HTML isn't very semantic in a customizable way. Nevertheless your format should be understandable in any browser (with proper CSS, as you have pointed out).
What I see in the code example above is very similar to XML. It might be cumbersome and overkill for your needs, but I'd like to point out that you can use XML with XSLT as a substitute to both (X)HTML. This way you can get your tags as semantic as possible, and don't need to compromise with the limitations of the HTML tags.
w3schools has an article about the topic. I could swear that I saw a webpage in sun.com that was done in XML, but I can't find it anymore.
If you don't intend this to be interpreted or parsed by third party software, I'd nevertheless advise against this method, and stick with the proven HTML.
Seems reasonable to me, except that the ‘id’ is invalid. NAME tokens can't start with a number or contain ‘+’.
Plus if two people spoke at once you'd have non-unique IDs. Perhaps that data should go in another attribute, such as ‘title’ (so you can hover to see the exact timestamp).
If you're going for semantic HTML, you'll probably want to know that HTML5 doesn't consider your use of the <cite> element correct anymore.

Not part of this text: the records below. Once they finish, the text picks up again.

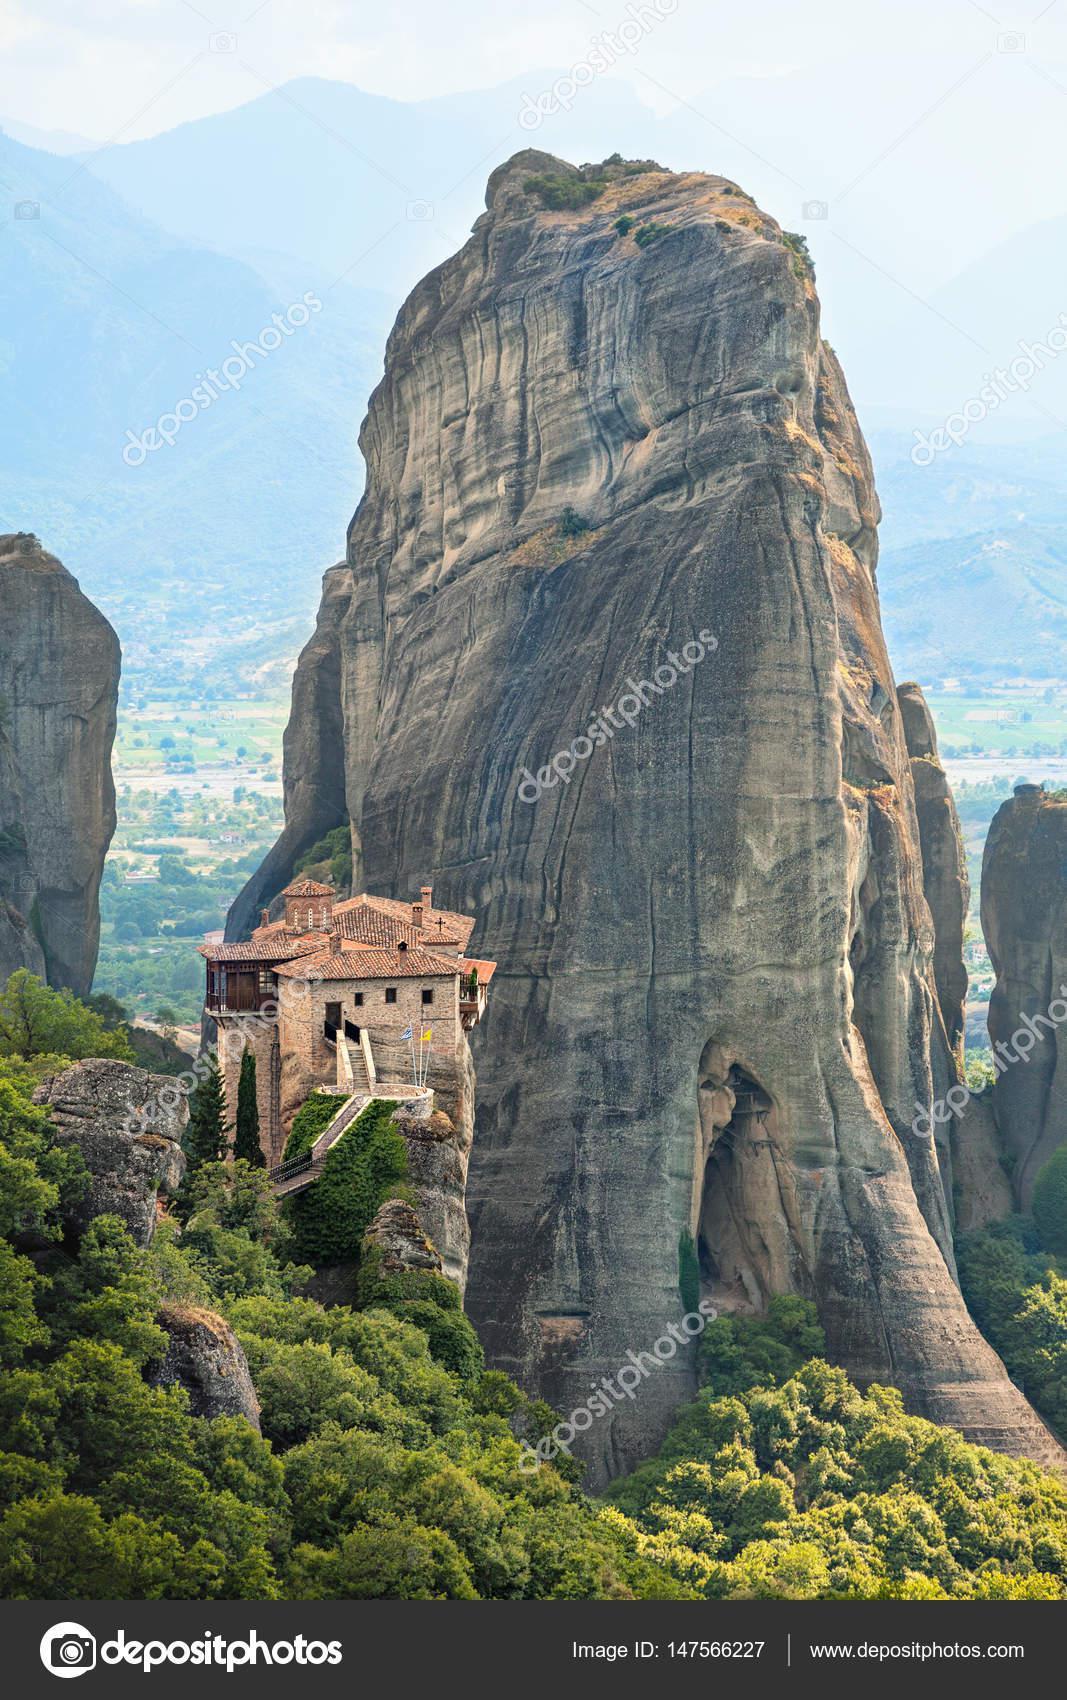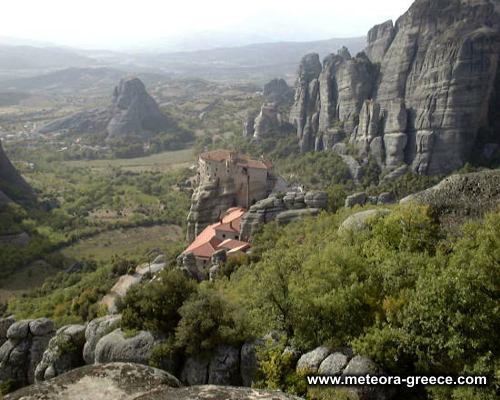The first image is the image on the left, the second image is the image on the right. Given the left and right images, does the statement "There is a wall surrounding some buildings." hold true? Answer yes or no. No. The first image is the image on the left, the second image is the image on the right. For the images displayed, is the sentence "In at least one image there is a peach building built in to the top of the rocks with one tower that is topped with a open wooden balcony." factually correct? Answer yes or no. No. 
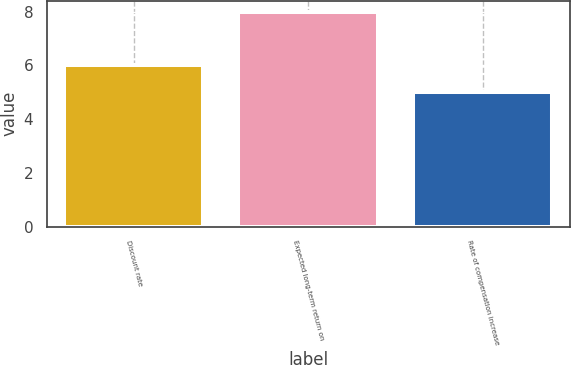Convert chart. <chart><loc_0><loc_0><loc_500><loc_500><bar_chart><fcel>Discount rate<fcel>Expected long-term return on<fcel>Rate of compensation increase<nl><fcel>6<fcel>8<fcel>5<nl></chart> 
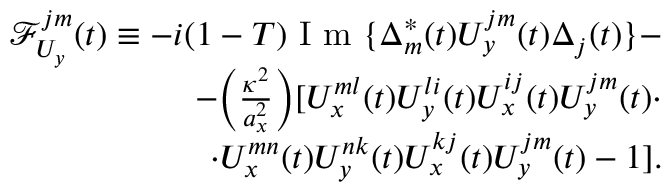Convert formula to latex. <formula><loc_0><loc_0><loc_500><loc_500>\begin{array} { r } { \mathcal { F } _ { U _ { y } } ^ { j m } ( t ) \equiv - i ( 1 - T ) I m \{ \Delta _ { m } ^ { * } ( t ) U _ { y } ^ { j m } ( t ) \Delta _ { j } ( t ) \} - } \\ { - \left ( \frac { \kappa ^ { 2 } } { a _ { x } ^ { 2 } } \right ) [ U _ { x } ^ { m l } ( t ) U _ { y } ^ { l i } ( t ) U _ { x } ^ { i j } ( t ) U _ { y } ^ { j m } ( t ) \cdot } \\ { \cdot U _ { x } ^ { m n } ( t ) U _ { y } ^ { n k } ( t ) U _ { x } ^ { k j } ( t ) U _ { y } ^ { j m } ( t ) - 1 ] . } \end{array}</formula> 
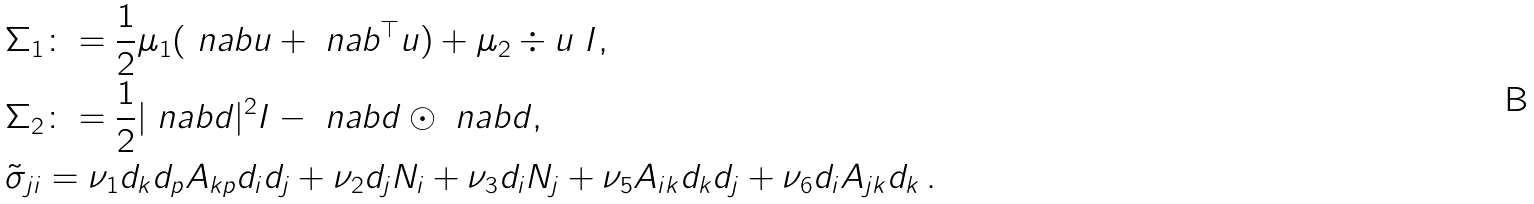Convert formula to latex. <formula><loc_0><loc_0><loc_500><loc_500>& \Sigma _ { 1 } \colon = \frac { 1 } { 2 } \mu _ { 1 } ( \ n a b u + \ n a b ^ { \top } u ) + \mu _ { 2 } \div u \ I , \\ & \Sigma _ { 2 } \colon = \frac { 1 } { 2 } | \ n a b d | ^ { 2 } I - \ n a b d \odot \ n a b d , \\ & \tilde { \sigma } _ { j i } = \nu _ { 1 } d _ { k } d _ { p } A _ { k p } d _ { i } d _ { j } + \nu _ { 2 } d _ { j } N _ { i } + \nu _ { 3 } d _ { i } N _ { j } + \nu _ { 5 } A _ { i k } d _ { k } d _ { j } + \nu _ { 6 } d _ { i } A _ { j k } d _ { k } \, .</formula>

A person's name is not the title of a work — even if people call that person a piece of work — and the element must therefore not be used to mark up people's names.
<ol>
<li class="message" value="1">
<span class="timestamp" id="2009-03-10T12:04:01+00:00">
12:04
</span>
<cite class="admin">
<address class="email">
<a href="mailto:ross#email.com">
Ross
</a>
</address>
</cite>
Lorem ipsum dolor sit amet.
</li>
</ol>
I would try something like the above. Notice I have placed everything in an Ordered list, as comments can be construed in the linear manner fitting an ordered list. Also, I have embedded, inside your Cite tag, an Address tag with an Anchor element. The unfortunately named Address element is actually meant to convey contact information for an Author, so you would probably want to link to the author's email address there.

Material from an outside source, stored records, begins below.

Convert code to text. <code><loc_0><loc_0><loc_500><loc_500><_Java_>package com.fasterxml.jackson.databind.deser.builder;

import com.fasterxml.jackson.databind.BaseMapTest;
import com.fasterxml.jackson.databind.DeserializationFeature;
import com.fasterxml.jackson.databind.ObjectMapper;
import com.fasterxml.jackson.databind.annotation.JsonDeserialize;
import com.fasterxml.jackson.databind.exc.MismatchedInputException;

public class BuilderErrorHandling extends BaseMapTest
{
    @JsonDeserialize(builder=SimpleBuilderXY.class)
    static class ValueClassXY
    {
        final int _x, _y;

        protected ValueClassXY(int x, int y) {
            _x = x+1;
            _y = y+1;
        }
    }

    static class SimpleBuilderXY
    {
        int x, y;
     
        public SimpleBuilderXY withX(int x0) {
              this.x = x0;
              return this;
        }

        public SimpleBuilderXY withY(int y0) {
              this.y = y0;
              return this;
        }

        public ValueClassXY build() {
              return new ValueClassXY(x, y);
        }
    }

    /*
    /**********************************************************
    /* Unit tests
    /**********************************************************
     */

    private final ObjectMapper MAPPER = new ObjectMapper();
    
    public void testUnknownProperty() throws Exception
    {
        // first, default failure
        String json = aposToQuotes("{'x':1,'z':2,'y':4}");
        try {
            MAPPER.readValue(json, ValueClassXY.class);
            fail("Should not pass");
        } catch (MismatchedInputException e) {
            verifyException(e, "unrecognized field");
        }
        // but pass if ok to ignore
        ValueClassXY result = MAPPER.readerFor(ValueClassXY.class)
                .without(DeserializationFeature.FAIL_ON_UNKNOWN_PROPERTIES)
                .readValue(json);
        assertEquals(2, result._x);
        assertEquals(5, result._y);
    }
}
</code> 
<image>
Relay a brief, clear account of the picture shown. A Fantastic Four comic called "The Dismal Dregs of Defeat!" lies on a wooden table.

What you suggested is already very good. If you want to take it a step further and be able to allow tons of different presentation options with the same markup (at the expense of heavier html) you may want to do something like:
<dl class="message" id="message-1">
<dt class="datetime">Datetime</dt>
<dd class="datetime">
<span class="day">Wed</span>
<span class="dayOfMonth">11</span>
<span class="month">Mar</span>
<span class="year">2009</span>
<span class="hourMin">17:34</span>
<span class="sec">33</span>
</dd>
<dt class="author">Author</dt>
<dd class="author">Ross</dd>
<dt class="message">Message</dt>
<dd class="message">Lorem ipsum dolor sit amet</dd>
</dl>
Since you mention microformats in the question, you are no doubt already familiar with the microformats wiki. It contains a good number of examples for different situations.

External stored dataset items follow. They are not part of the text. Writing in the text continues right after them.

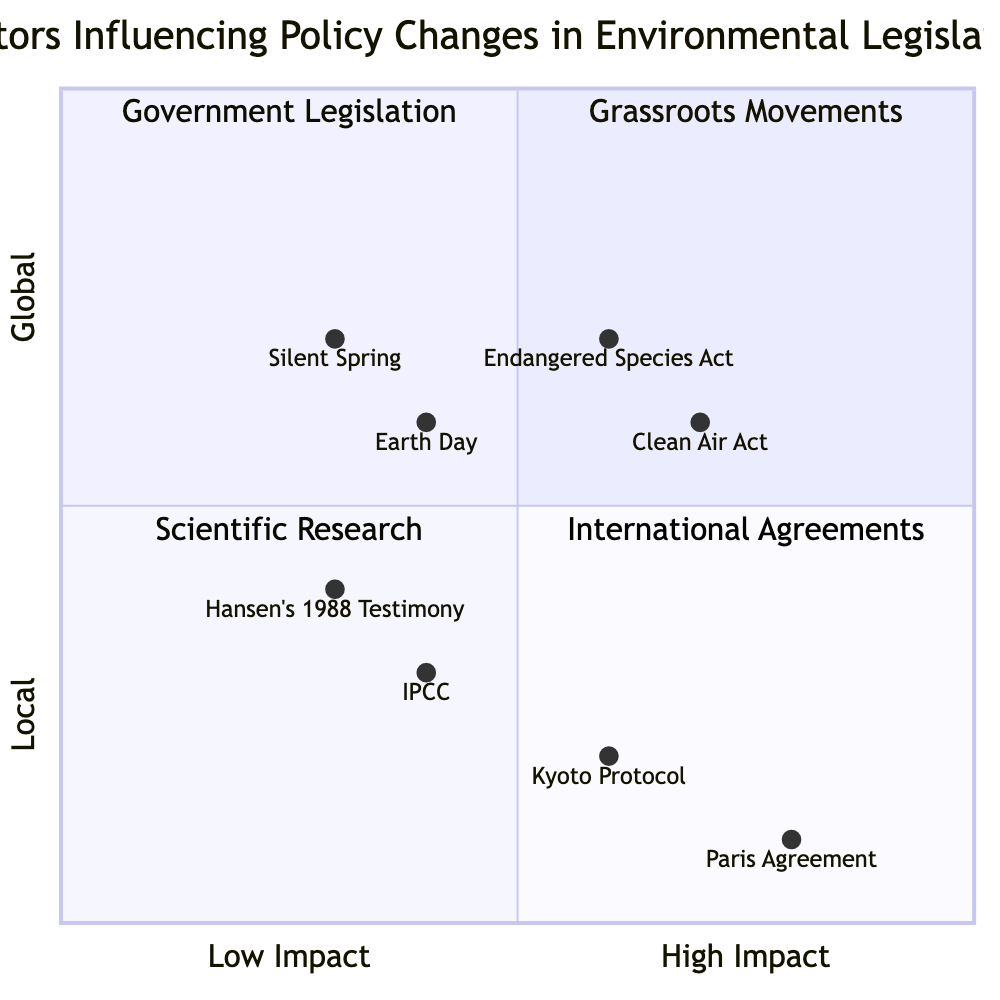What are the key elements in the "Top Left" quadrant? The "Top Left" quadrant is titled "Grassroots Movements" and contains two elements: "Silent Spring" and "Earth Day".
Answer: Silent Spring, Earth Day Which environmental legislation is located in the "Top Right" quadrant? The "Top Right" quadrant is titled "Government Legislation" and features two key pieces of legislation: "Clean Air Act" and "Endangered Species Act".
Answer: Clean Air Act, Endangered Species Act What is the y-axis label of this diagram? The y-axis of the diagram is labeled "Local --> Global".
Answer: Local --> Global How many elements are in the "Bottom Left" quadrant? The "Bottom Left" quadrant is titled "Scientific Research" and contains two elements: "Intergovernmental Panel on Climate Change (IPCC)" and "Hansen’s 1988 Testimony", thus there are two elements.
Answer: 2 Which factor has the highest impact score in the "International Agreements" quadrant? In the "Bottom Right" quadrant "International Agreements", the "Paris Agreement" has the highest impact score of 0.8.
Answer: Paris Agreement What quadrant contains the element "Silent Spring"? "Silent Spring" is located in the "Top Left" quadrant, which focuses on grassroots movements.
Answer: Top Left What is the relationship between the "Hansen’s 1988 Testimony" and the "Intergovernmental Panel on Climate Change (IPCC)" elements? Both "Hansen’s 1988 Testimony" and "Intergovernmental Panel on Climate Change (IPCC)" are located in the "Bottom Left" quadrant, indicating their connection to scientific research.
Answer: Scientific Research Which legislation was enacted earlier, "Clean Air Act" or "Endangered Species Act"? The "Clean Air Act" was enacted in 1970, while the "Endangered Species Act" followed in 1973; thus, the "Clean Air Act" was enacted earlier.
Answer: Clean Air Act In which quadrant would you find elements with a high impact but local influence? Elements with a high impact but local influence are found in the "Top Right" quadrant, which focuses on Government Legislation.
Answer: Top Right 
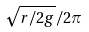<formula> <loc_0><loc_0><loc_500><loc_500>\sqrt { r / 2 g } / 2 \pi</formula> 
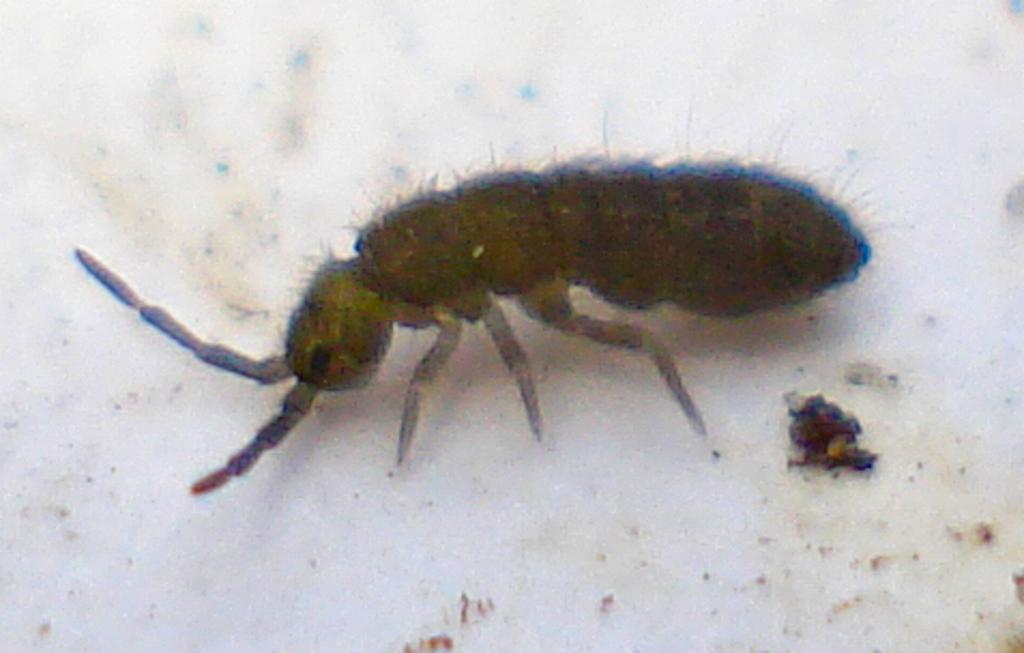What type of creature is in the image? There is an insect in the image. What colors can be seen on the insect? The insect has black and green coloring. What is the background or surface on which the insect is located? The insect is on a white surface. What type of pan is being used to sort the end in the image? There is no pan or end present in the image; it features an insect on a white surface. 
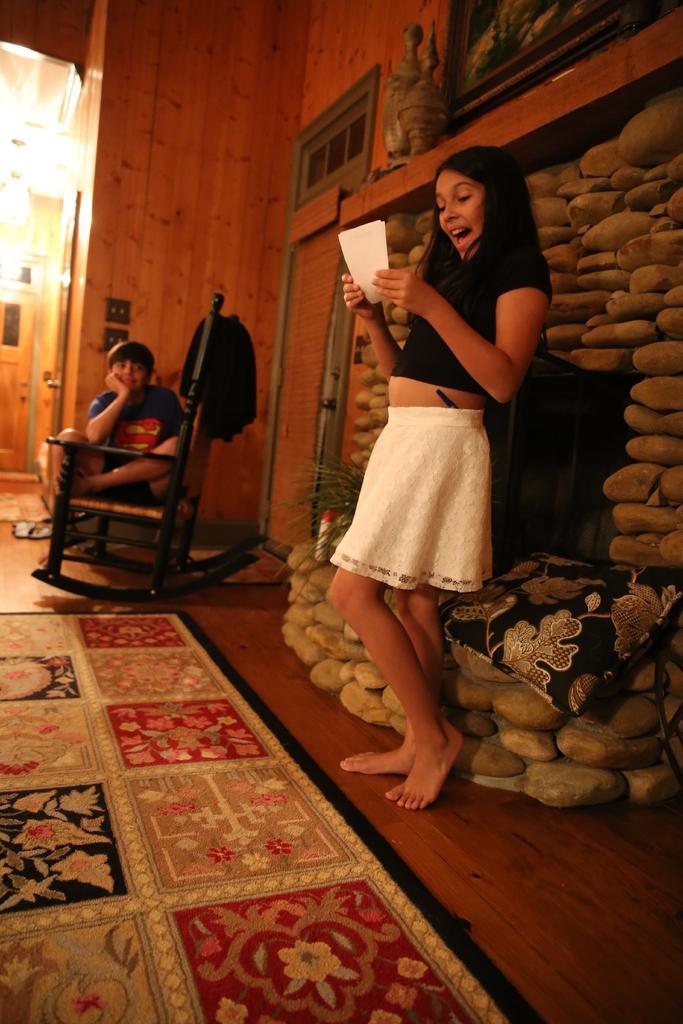In one or two sentences, can you explain what this image depicts? In the picture I can see a woman wearing black and white color dress standing near the wall holding some paper in her hands and in the background of the picture there is a kid wearing blue color dress sitting on a chair and there is a wall.

Another possibility would be to borrow parts of SIOC, which among other things is an ontology for forums - pretty similar to chat.
By re-using existing formats, you can take advantage of plugins and tools like Operator and maybe get more out of your app for free.
I'd use XML with XSLT to transform (style) the data.
It makes sense semantically here, but you also have the conversations in a suitable format for archiving (i.e. XML) - I assume you will have some sort of log or 'history'.
As #bobince said, the id="2009-03-10T12:04:01+00:00" is invalid.
You should change this:
<span class="timestamp" id="2009-03-10T12:04:01+00:00">
12:04
</span>
To this:
<time class="timestamp" datetime="2009-03-10T12:04:01+00:00">
12:04
</time>
You can get more information about the time tag at HTML5 Doctor and W3C:
The time tag on HTML5 offers a new element for unambiguously encoding dates and times for machines while still displaying them in a human-readable way.
The time element represents either a time on a 24 hour clock, or a precise date in the proleptic Gregorian calendar, optionally with a time and a time-zone offset.
...
I agree with the ordered list (ol) solution posted by #Robotsu, except by the time tag I just posted and the incorrect address inside cite tag!